- [EXERCISE AIM]: Pictures aside, repeat all the entries below exactly as they appear.

- [Dataset excerpts]:
★ ★ ★ ★ ★ ★ ★

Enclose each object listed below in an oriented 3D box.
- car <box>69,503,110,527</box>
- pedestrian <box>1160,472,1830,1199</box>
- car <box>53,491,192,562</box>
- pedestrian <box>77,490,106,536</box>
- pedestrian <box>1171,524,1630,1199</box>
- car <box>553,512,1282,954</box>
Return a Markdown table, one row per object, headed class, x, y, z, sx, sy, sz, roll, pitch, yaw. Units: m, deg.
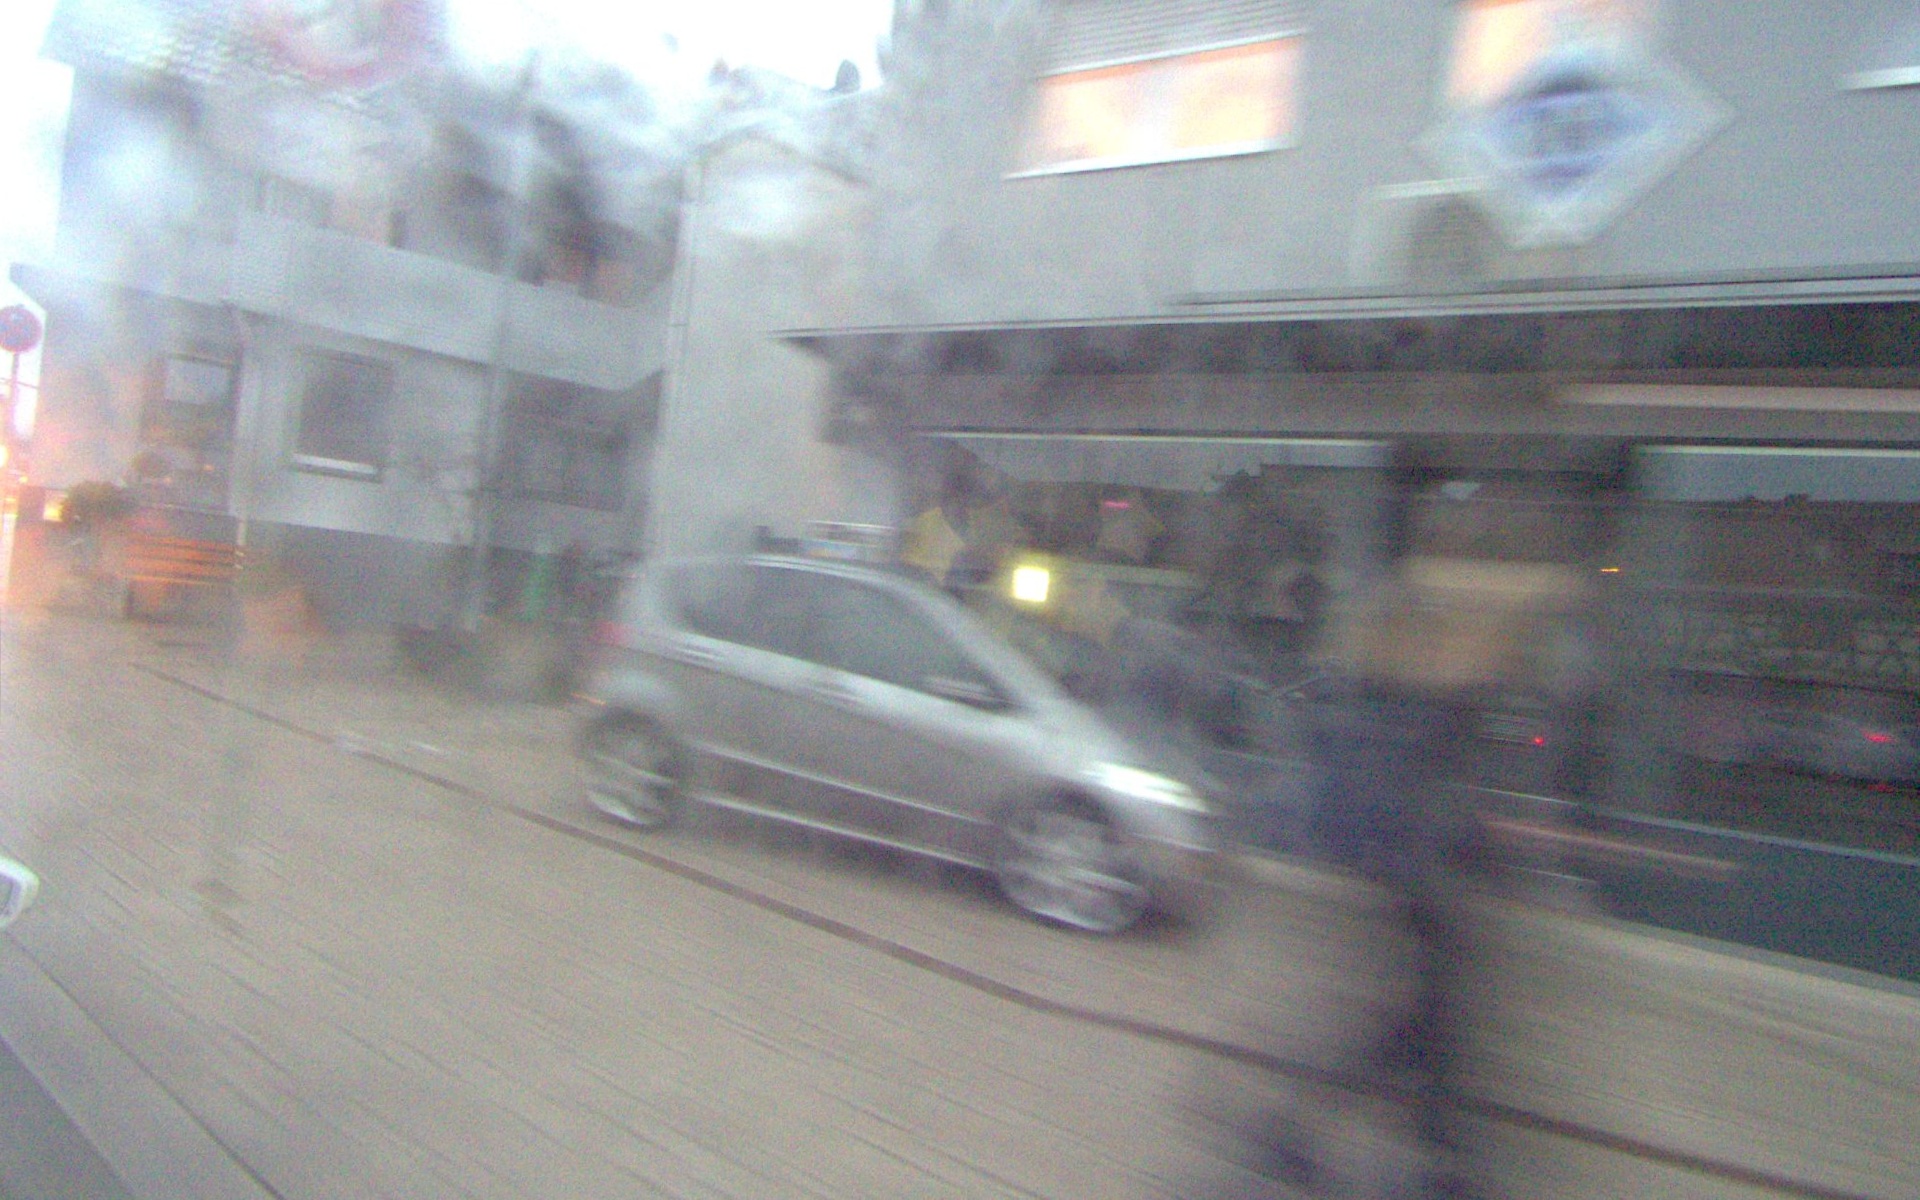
| class | x | y | z | sx | sy | sz | roll | pitch | yaw |
| --- | --- | --- | --- | --- | --- | --- | --- | --- | --- |
| car | -52.348 | -5.113 | 60.537 | 1.523 | 1.263 | 3.610 | 1 | 4 | -36 |
| pedestrian | 1.012 | 0.685 | 2.086 | 0.791 | 1.721 | 0.713 | 6 | 1 | -13 |
| car | -21.869 | -1.892 | 26.478 | 1.867 | 1.485 | 4.509 | 5 | 1 | -29 |
| pedestrian | -38.137 | -3.803 | 44.195 | 0.658 | 1.910 | 0.817 | 8 | -1 | -31 |
| pedestrian | 1.136 | 0.704 | 2.725 | 0.778 | 1.690 | 0.580 | 6 | 1 | -8 |
| car | -0.208 | 0.537 | 5.695 | 3.596 | 1.581 | 1.738 | 7 | 1 | 23 |

★ ★ ★ ★ ★ ★ ★

- [THE ANSWER]:
Enclose each object listed below in an oriented 3D box.
- car <box>69,503,110,527</box>
- pedestrian <box>1160,472,1830,1199</box>
- car <box>53,491,192,562</box>
- pedestrian <box>77,490,106,536</box>
- pedestrian <box>1171,524,1630,1199</box>
- car <box>553,512,1282,954</box>
Return a Markdown table, one row per object, headed class, x, y, z, sx, sy, sz, roll, pitch, yaw. Units: m, deg.
| class | x | y | z | sx | sy | sz | roll | pitch | yaw |
| --- | --- | --- | --- | --- | --- | --- | --- | --- | --- |
| car | -52.348 | -5.113 | 60.537 | 1.523 | 1.263 | 3.610 | 1 | 4 | -36 |
| pedestrian | 1.012 | 0.685 | 2.086 | 0.791 | 1.721 | 0.713 | 6 | 1 | -13 |
| car | -21.869 | -1.892 | 26.478 | 1.867 | 1.485 | 4.509 | 5 | 1 | -29 |
| pedestrian | -38.137 | -3.803 | 44.195 | 0.658 | 1.910 | 0.817 | 8 | -1 | -31 |
| pedestrian | 1.136 | 0.704 | 2.725 | 0.778 | 1.690 | 0.580 | 6 | 1 | -8 |
| car | -0.208 | 0.537 | 5.695 | 3.596 | 1.581 | 1.738 | 7 | 1 | 23 |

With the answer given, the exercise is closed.